Powell was eventually questioned in May of 1969 by the army’s IG about Americal’s activities in March of 1968, yet he was apparently unaware of or unwilling to reveal what had happened at My Lai.  Though Powell remarks in his autobiography that he found a number for enemy killed of 128 on March 16 1968 on the Batangan Peninsula, and reported this to the IG during his questioning, the IG’s own records show that Powell only reported enemy killed of 14 for that sector on that day.  Whereas in his autobiography Powell attempts to create the impression that he helped the investigation along, in reality he had reported that nothing unusual took place on the day of My Lai, that the activity was normal for a “hot combat zone”.  Powell’s incorrect report of what had happened (and it is unknown if he was aware that it was incorrect) almost led to the end of the investigation, for the MACV (Military Assistance Command Vietnam) recommended closure of the matter.  It took the Pentagon’s own Inspector General to eventually uncover what actually happened at My Lai.  The number of 128 enemy killed is relevant, for though that number did not exist in the actual record books that Powell used under questioning by the IG, it did turn out that it was the stock response offered by the Army as it attempted to cover up the massacre and derail any investigations.  One can reasonably conclude that the number did not just appear out of thin air, but that Powell for purposes of his autobiography was using the Army’s contrived response to conceal his own lack of forthrightness during the investigation. 

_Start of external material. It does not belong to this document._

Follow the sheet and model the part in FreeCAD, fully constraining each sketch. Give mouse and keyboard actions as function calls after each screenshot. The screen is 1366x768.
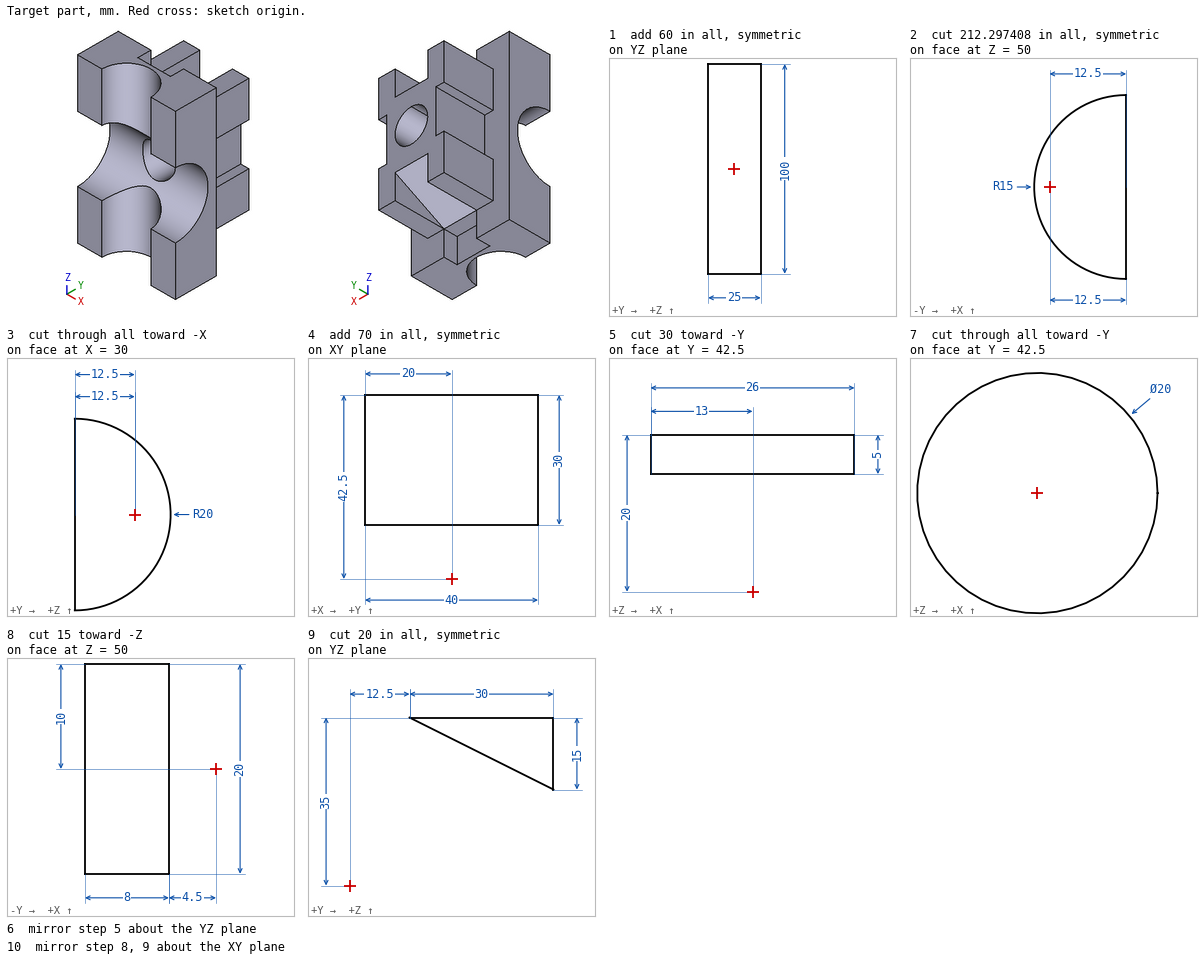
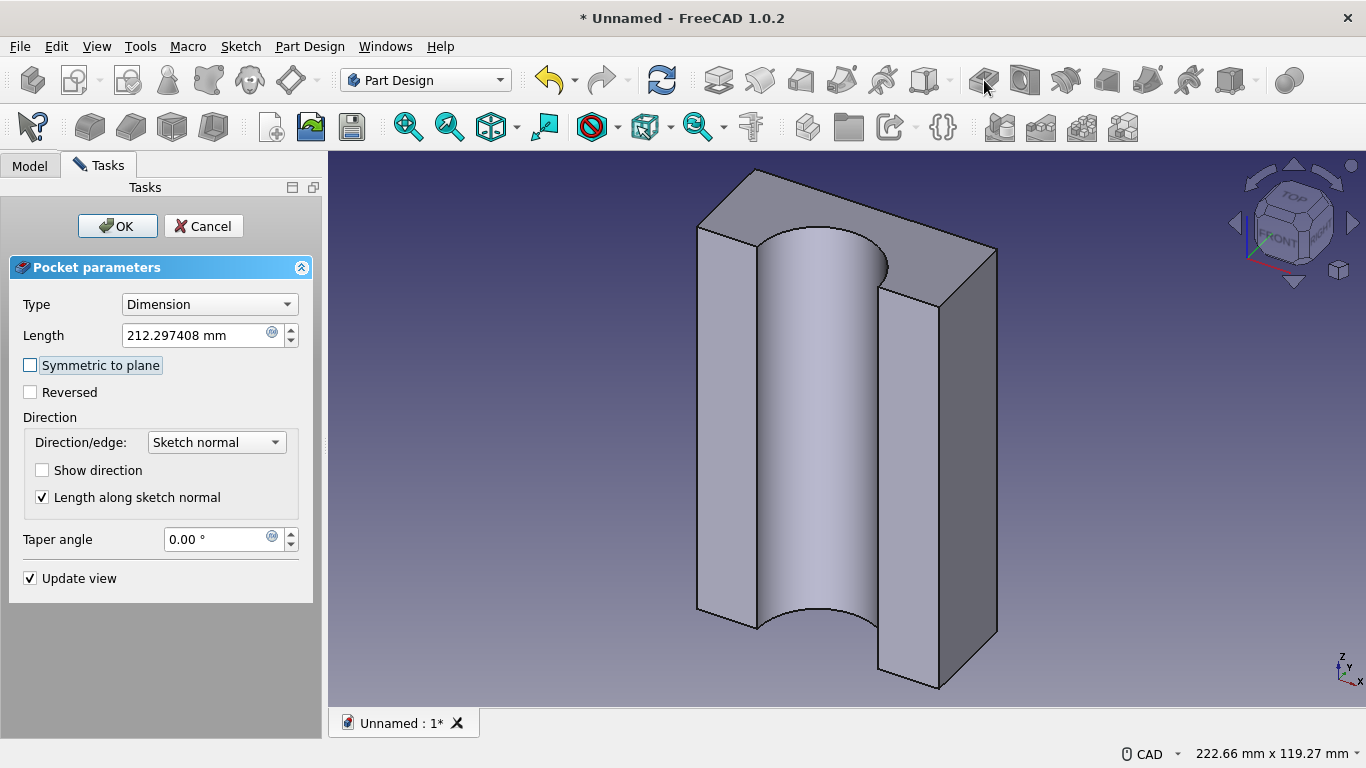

In the seventies during the Nixon administration Powell was hired in the Office of Management and Budget, and later rose through the ranks of the Defense Department under Nixon, Carter and Reagan.  Powell was one of the few Pentagon officials who directly participated in the Iran-Contra arms deals, and is directly linked to the Contra operations in Nicaragua, the invasion of Panama, and the first attempt to punish George H.W. Bush’s longtime asset, Saddam Hussein, in Operation Desert Storm.  A telling photo during the first gulf war shows Colin Powell and Dick Cheney smiling over a bomb that they have signed “To Saddam with Love”.  Just as Powell had difficulty discerning right from wrong in Vietnam, the career opportunist apparently viewed the first and second Iraq wars as stepping stones, forgetting that he was crushing real human beings on his way to the highest echelons of US governmental power.